The propensity to join the military is down nationally, he acknowledges, although statistics show 61% of young adults 18 to 24 years old nonetheless look favorably on it. Evon says he and others on his team continually reassess how they might attract interest from members of Gen Z.
“We’re trying to tap into this sense of belonging. For those coming from a single-parent household, those who’ve felt isolated since the pandemic, we have a place for you,” he says. “There’s a pathway to citizenship for not only those who join, but also their families. All these things build diversity in our formations, and we’re proud of the fact that our ranks are on par with the demographics of the state.”

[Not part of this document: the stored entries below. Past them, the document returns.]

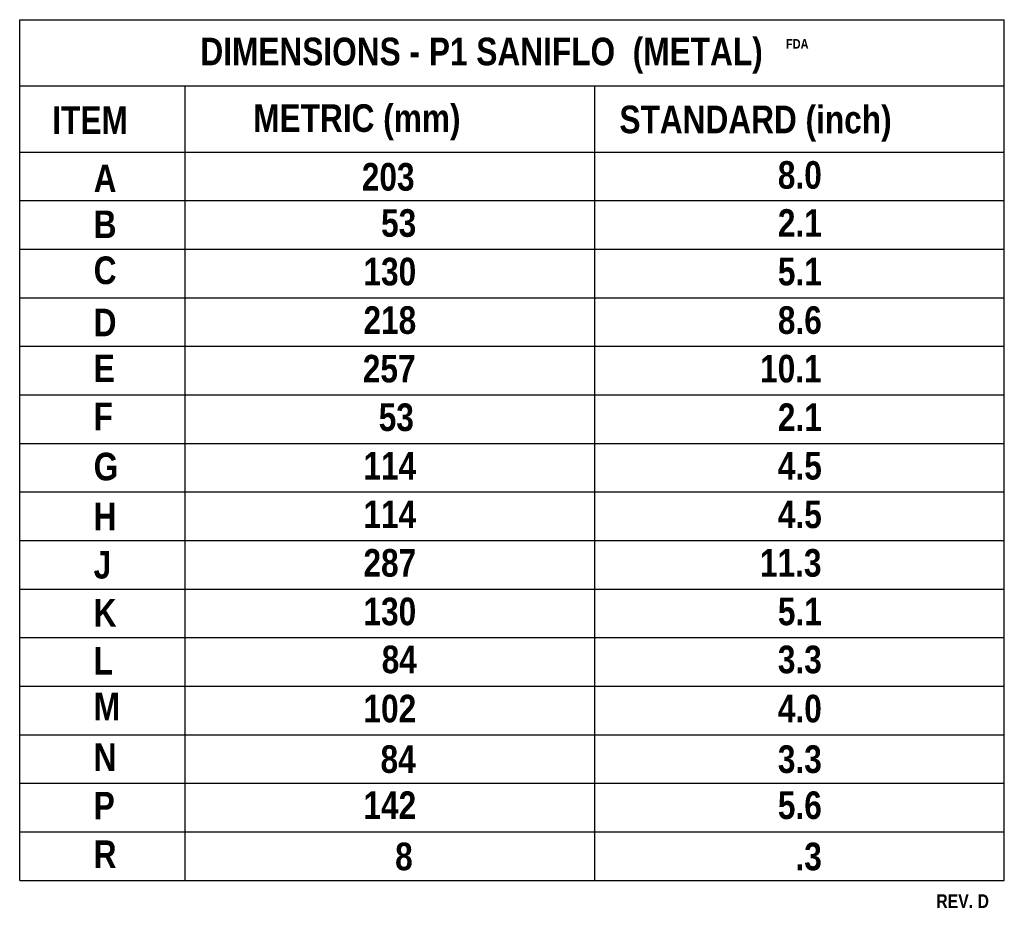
# Model space of a CAD drawing. Extents: x 2 to 36.4, y -1.5 to 23.3.
# Tile 14 of 24: x 23.3 to 32.2, y -1.5 to 6.6. Entities that reach past the tile are written whole.
import ezdxf

# ---------------------------------------------------------------- set-up
doc = ezdxf.new("R2010")
doc.units = 0
doc.header["$LTSCALE"] = 0.5
doc.header["$MEASUREMENT"] = 0
doc.layers.get('0').update_dxf_attribs({"linetype": 'CONTINUOUS'})
doc.styles.add('narrow_arial_bold', font='ARIALNB.TTF')

msp = doc.modelspace()

# ---------------------------------------------------------------- linework, layer by layer
for p, q in [((23.2891, 6.5567), (32.2058, 6.5567)), ((23.2891, -1.2433), (23.2891, 6.5567)), ((32.2058, -1.2433), (32.2058, 6.5567)), ((23.2891, 5.9567), (32.2058, 5.9567)), ((24.7891, -1.2433), (24.7891, 5.9567)), ((28.4975, -1.2433), (28.4975, 5.9567)), ((23.2891, 5.3567), (32.2058, 5.3567)), ((23.2891, 4.9167), (32.2058, 4.9167)), ((23.2891, 4.4767), (32.2058, 4.4767)), ((23.2891, 4.0367), (32.2058, 4.0367)), ((23.2891, 3.5967), (32.2058, 3.5967)), ((23.2891, 3.1567), (32.2058, 3.1567)), ((23.2891, 2.7167), (32.2058, 2.7167)), ((23.2891, 2.2767), (32.2058, 2.2767)), ((23.2891, 1.8367), (32.2058, 1.8367)), ((23.2891, 1.3967), (32.2058, 1.3967)), ((23.2891, 0.9567), (32.2058, 0.9567)), ((23.2891, 0.5167), (32.2058, 0.5167)), ((23.2891, 0.0767), (32.2058, 0.0767)), ((23.2891, -0.3633), (32.2058, -0.3633)), ((23.2891, -0.8033), (32.2058, -0.8033)), ((23.2891, -1.2433), (32.2058, -1.2433))]:
    msp.add_line(p, q)

# ---------------------------------------------------------------- texts
at = {"style": 'narrow_arial_bold'}
for s, height, p in [('DIMENSIONS - P1 SANIFLO  (METAL)', 0.250095, (24.9255, 6.1434)), ('FDA', 0.08684, (30.2284, 6.294)), ('METRIC (mm)', 0.25, (25.4043, 5.5398)), ('STANDARD (inch)', 0.25, (28.7205, 5.5276)), ('ITEM', 0.25, (23.5848, 5.5213)), ('203', 0.25, (26.3873, 5.0078)), ('8.0', 0.25, (30.1551, 5.0248)), ('A', 0.25, (23.9591, 4.994)), ('B', 0.25, (23.9591, 4.5773)), ('53', 0.25, (26.5618, 4.5894)), ('2.1', 0.25, (30.1551, 4.5894)), ('C', 0.25, (23.9591, 4.1607)), ('130', 0.25, (26.4023, 4.1494)), ('5.1', 0.25, (30.1551, 4.1494)), ('D', 0.25, (23.9591, 3.6877)), ('218', 0.25, (26.4023, 3.7094)), ('8.6', 0.25, (30.1551, 3.7094)), ('E', 0.25, (23.9591, 3.272)), ('257', 0.25, (26.3964, 3.2694)), ('10.1', 0.25, (29.9944, 3.2694)), ('F', 0.25, (23.9591, 2.8359)), ('53', 0.25, (26.5405, 2.8294)), ('2.1', 0.25, (30.1551, 2.8294)), ('G', 0.25, (23.9591, 2.3823)), ('114', 0.25, (26.4023, 2.3894)), ('4.5', 0.25, (30.1551, 2.3894)), ('H', 0.25, (23.9591, 1.9288)), ('114', 0.25, (26.4023, 1.9494)), ('4.5', 0.25, (30.1548, 1.9494)), ('J', 0.25, (23.9591, 1.4927)), ('287', 0.25, (26.4023, 1.5094)), ('11.3', 0.25, (29.993, 1.5094)), ('K', 0.25, (23.9591, 1.0576)), ('130', 0.25, (26.4023, 1.0694)), ('5.1', 0.25, (30.1551, 1.0694)), ('L', 0.25, (23.9591, 0.6224)), ('84', 0.25, (26.5676, 0.6344)), ('3.3', 0.25, (30.1551, 0.6344)), ('M', 0.25, (23.9591, 0.2067)), ('102', 0.25, (26.4023, 0.189)), ('4.0', 0.25, (30.1551, 0.189)), ('N', 0.25, (23.9591, -0.2511)), ('84', 0.25, (26.5569, -0.2689)), ('3.3', 0.25, (30.1551, -0.2689)), ('P', 0.25, (23.9591, -0.6911)), ('142', 0.25, (26.4023, -0.6865)), ('5.6', 0.25, (30.1551, -0.6865)), ('R', 0.25, (23.9591, -1.1311)), ('8', 0.25, (26.6891, -1.1508)), ('.3', 0.25, (30.3145, -1.1508)), ('REV. D', 0.125, (31.5895, -1.4938))]:
    msp.add_text(s, height=height, dxfattribs=at).set_placement(p)

doc.saveas('drawing.dxf')

Members serve one weekend a month and two weeks in the summer, while going home to their families and working in the communities in which they live, mingling with neighbors, attending children’s activities, and rolling out the bins on trash day.
Because its members are fanned out and work in every civilian industry around Connecticut, uniquely, the Guard touches every corner.
Evon describes members’ mission as “selfless service” – whether serving overseas or when they participate in the Special Olympics Torch Run, or work with high school students during the World Affairs Council of Connecticut Model United Nations program, or entertain a crowd gathered to hear the band play in the park on a warm summer night, or build hospital overflow units in empty parking lots, like they did during COVID.
His own “selfless service” comes in partly when he walks the hallways of the State Armory in Hartford whenever the ASVAB, Armed Services Vocational Aptitude Battery, is being administered. That’s a test in which takers are scored on their skills and matched with a vocation that mirrors their abilities – albeit not necessarily their desires.
“I saw this kid a couple weeks ago pacing back and forth, really nervous about the test. He wants to be a truck driver. So, a couple of us talked to him and settled him down. Then, I met up with him after the test and he thought he did pretty well,” Evon recounts, tapping on a sticky note attached to his desk. “I have his name right here, so I keep looking at it. Every day we get a new members report, and I’m watching to see when he’s officially a member of the team.”
That concept of teamwork is something Evon, who’ll celebrate 40 years of service in August 2025, repeats in conversation when reflecting on his career and time at UConn. It’s something cultivated under that poncho spread wide over him on a rainy day.
“Our members raised their right hand to be part of something larger than themselves,” he says, “and, honestly, that’s a beautiful thing.”